O leitor (im)penitente 80
Na morte do autor de "A morte sem mestre"
“Havia um homem que corria pelo orvalho dentro.
O orvalho de muita manhã.
Corria de noite, como no meio da alegria,
pelo orvalho parado da noite.
Luzia no orvalho. Levava uma flecha
pelo orvalho dentro, como se estivesse a ser caçado
Loucamente
por um caçador de que nada se sabia. E era pelo orvalho dentro.
Brilhava.
Não havia animal que no seu pelo brilhasse
assim na morte,
batendo nas ervas extasiadas por uma morte
tão bela.”
Morreu o Herberto. Era assim que o grupo de amigos que em tempos (oh, há quanto tempo...) se juntava numa discreta livraria ali no largo Trindade Coelho, que comummente chamam da Misericórdia.
Recordo o Herberto à conversa com o Manuel da Fonseca na livraria discretíssima que depois se chamou Artes & Letras e agora se chama nada. Um senhorio demasiado ganancioso enviou o Luís Gomes para outras paragens. Ficou apenas o resistente José Vicente com a sua Olisipo.
O Herberto apreciava a zona e uma que outra cervejola com amigos numa pequena tasca à entrada da Calçado do Duque.
E era afectuoso com os leitores que chegavam com um abraço, um agradecimento.
Devo-lhe as alegrias mais extremas, os momentos mais terríveis graças ao mistério da sua poesia que um outro morto (António Manso Pinheiro, amigo de infância, de adolescência, de toda a vida..., ele mesmo editor ) me guiou na descoberta de HH no início dos anos 60. Mais de meio século! Cinquenta e tal anos iluminados pela obra sempre renascida, sempre diferente, deste homem que é, sem qualquer dúvida, o maior poeta português da segunda metade do século XX. E dos primeiros 15 anos do século XXI, entenda-se.
Tenho como a maior perda da minha biblioteca o desaparecimento de “electronicolirica” que algum amigo transviado, mais amigo de Helder que de mim que o recebia confiado, fez mão baixa. Não perdoo tanto mais que nunca mais consegui pôr a vista nalgum exemplar dessa obra.
Morreu, pois. Deveria dizer que se o homem morre, a obra fica mas não é bem assim.
É que enquanto foi vivo, nós seus leitores, nós os happy few, estávamos sempre à espera de mais um poema. Agora já não esperamos nada ou muito pouco. Algum original perdido numa gaveta. Mas não é a mesma coisa. O Herberto só publicava depois de reexaminar e voltar a examinar o texto produzido. E, quantas vezes, mesmo depois de publicado, o reescreveu. E quantas vezes eliminou poemas nas diferentes versões da sua obra toda.

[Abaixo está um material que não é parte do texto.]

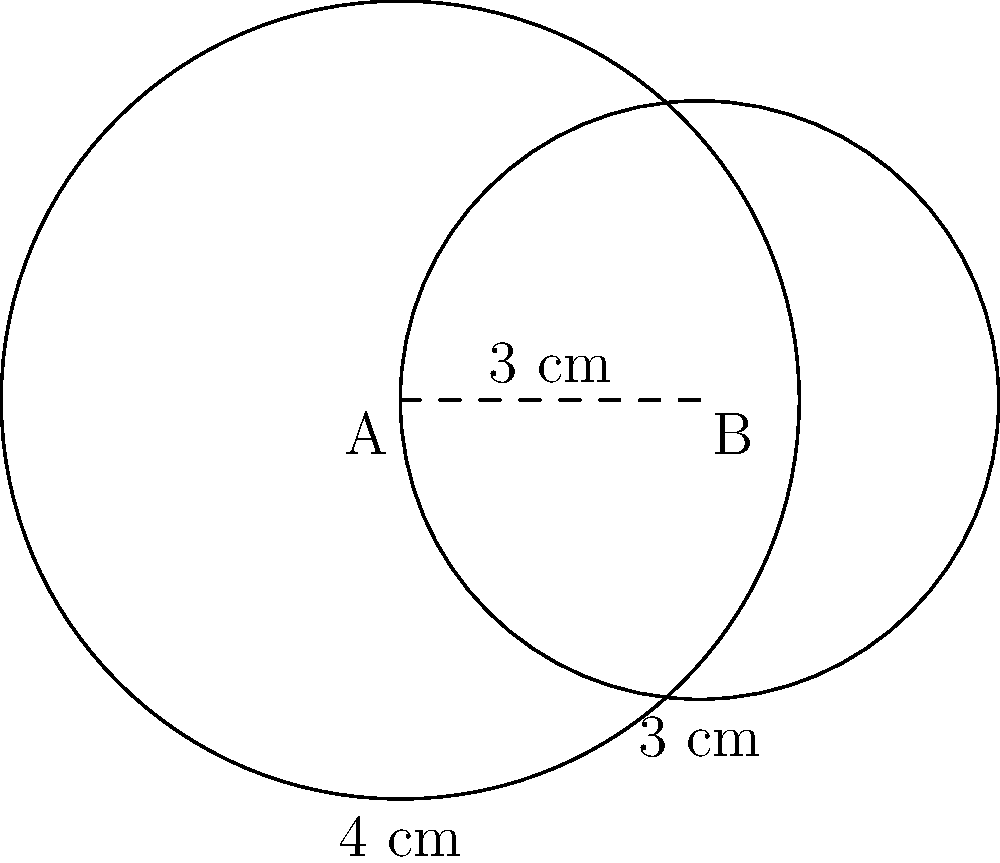You are designing a wooden panel with two circular openings for a custom electronic enclosure. The centers of the circles are 3 cm apart, and their radii are 4 cm and 3 cm, respectively. Calculate the area of the overlapping region between the two circular openings. To find the area of overlap between two circles, we can use the formula for the area of intersection:

$$A = r_1^2 \arccos(\frac{d^2 + r_1^2 - r_2^2}{2dr_1}) + r_2^2 \arccos(\frac{d^2 + r_2^2 - r_1^2}{2dr_2}) - \frac{1}{2}\sqrt{(-d+r_1+r_2)(d+r_1-r_2)(d-r_1+r_2)(d+r_1+r_2)}$$

Where:
$r_1 = 4$ cm (radius of the larger circle)
$r_2 = 3$ cm (radius of the smaller circle)
$d = 3$ cm (distance between centers)

Step 1: Calculate the first term
$$r_1^2 \arccos(\frac{d^2 + r_1^2 - r_2^2}{2dr_1}) = 16 \arccos(\frac{9 + 16 - 9}{2 \cdot 3 \cdot 4}) = 16 \arccos(\frac{16}{24}) \approx 10.47$$

Step 2: Calculate the second term
$$r_2^2 \arccos(\frac{d^2 + r_2^2 - r_1^2}{2dr_2}) = 9 \arccos(\frac{9 + 9 - 16}{2 \cdot 3 \cdot 3}) = 9 \arccos(\frac{2}{18}) \approx 13.46$$

Step 3: Calculate the third term
$$\frac{1}{2}\sqrt{(-d+r_1+r_2)(d+r_1-r_2)(d-r_1+r_2)(d+r_1+r_2)}$$
$$= \frac{1}{2}\sqrt{(-3+4+3)(3+4-3)(3-4+3)(3+4+3)} = \frac{1}{2}\sqrt{4 \cdot 4 \cdot 2 \cdot 10} = \sqrt{160} \approx 12.65$$

Step 4: Sum up the results
$$A = 10.47 + 13.46 - 12.65 \approx 11.28\text{ cm}^2$$

Therefore, the area of the overlapping region is approximately 11.28 square centimeters.
Answer: 11.28 cm² 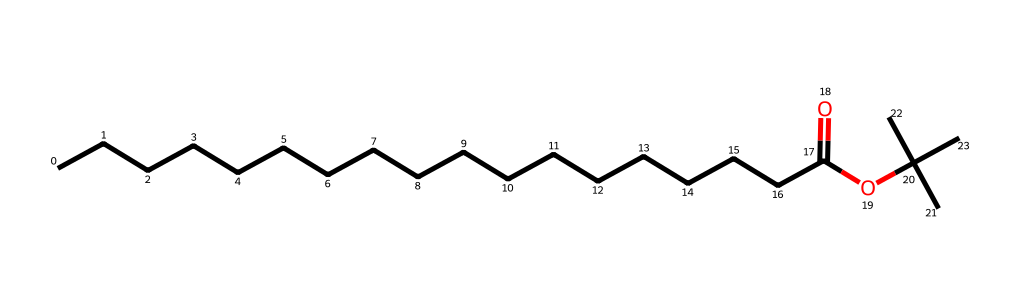What type of functional group is present in this chemical? The chemical structure shows an ester functional group, indicated by the presence of the carbonyl (C=O) adjacent to an oxygen atom bonded to another carbon.
Answer: ester How many carbon atoms are in this molecule? By counting the carbon atoms directly from the SMILES notation, there are 18 carbon atoms total, including those in the carbon chain and the branching.
Answer: eighteen What is the general category of this compound? This chemical is classified as a sealant component, which indicates its application in sealing wax used during the Victorian era.
Answer: wax What is the total number of hydrogen atoms in this molecule? To find the number of hydrogen atoms, we can use the general formula for aliphatic compounds (CnH2n+2), and applying it to this case, we arrive at 36 hydrogen atoms based on the presence of 18 carbon atoms.
Answer: thirty-six Does this chemical contain any nitrogen atoms? By analyzing the structure provided in the SMILES, there are no nitrogen atoms present in this chemical.
Answer: no What is the significance of the branched structure in this chemical? The branched structure contributes to lower melting and boiling points, enhancing its utility in applications such as sealing wax, to ensure it remains pliable at lower temperatures.
Answer: pliable

“ouvi dizer que os mortos respiram com luzes transformadas.
Que têm os olhos cegos como sangue.
................
Os mortos devem ser puros.
Ouvi dizer que respiram.
Correm pelo orvalho dentro, e depois
estendem-se. Ajudam os vivos.
São doces equivalências, luzes, ideias puras.

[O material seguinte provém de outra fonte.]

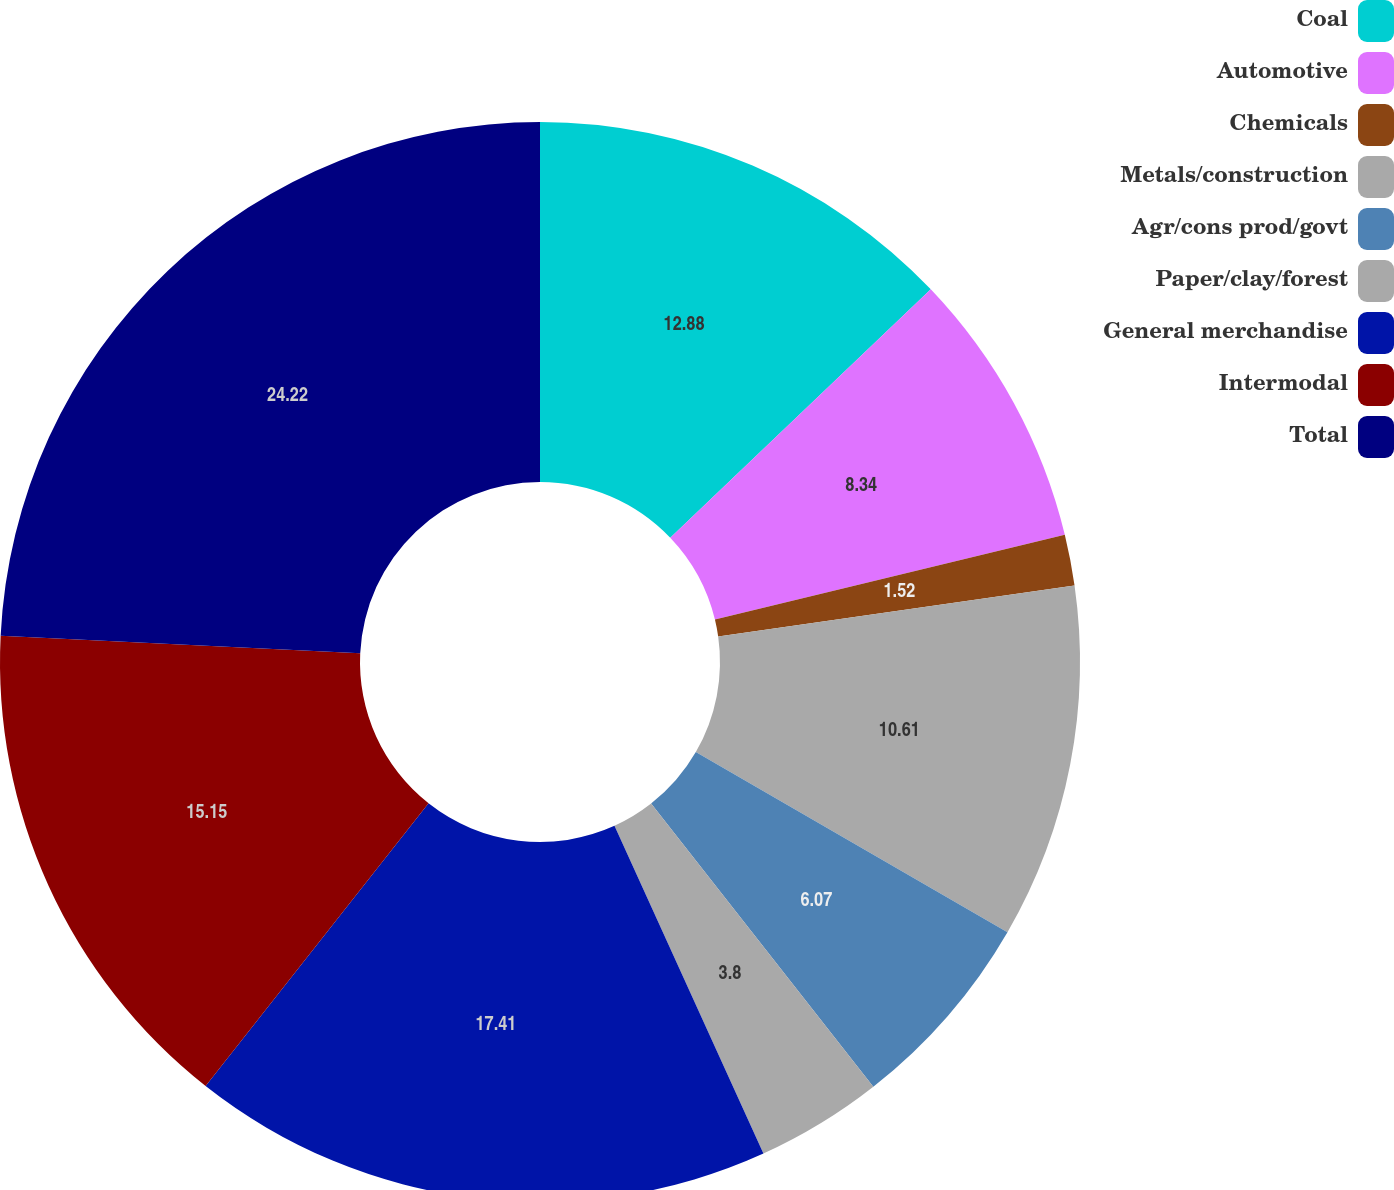Convert chart to OTSL. <chart><loc_0><loc_0><loc_500><loc_500><pie_chart><fcel>Coal<fcel>Automotive<fcel>Chemicals<fcel>Metals/construction<fcel>Agr/cons prod/govt<fcel>Paper/clay/forest<fcel>General merchandise<fcel>Intermodal<fcel>Total<nl><fcel>12.88%<fcel>8.34%<fcel>1.52%<fcel>10.61%<fcel>6.07%<fcel>3.8%<fcel>17.42%<fcel>15.15%<fcel>24.23%<nl></chart>

Vejo que a morte é como romper uma palavra e passar
-a morte é passa, como rompendo uma palavra,
através da porta,
para uma palavra nova.”
.............
Herberto, seguramente que ajudou muitos vivos. Muitos leitores que mesmo desolados, agora, relembram a alegria e o mistério da palavra poético no que ela terá de mais definitivo, de mais terrível e de mais puro.
* O poema (melhor: os extractos de poema) consta do livro "A faca não cort o fogo (súmula & inédita) publicado por Assírio & Alvim em 2008.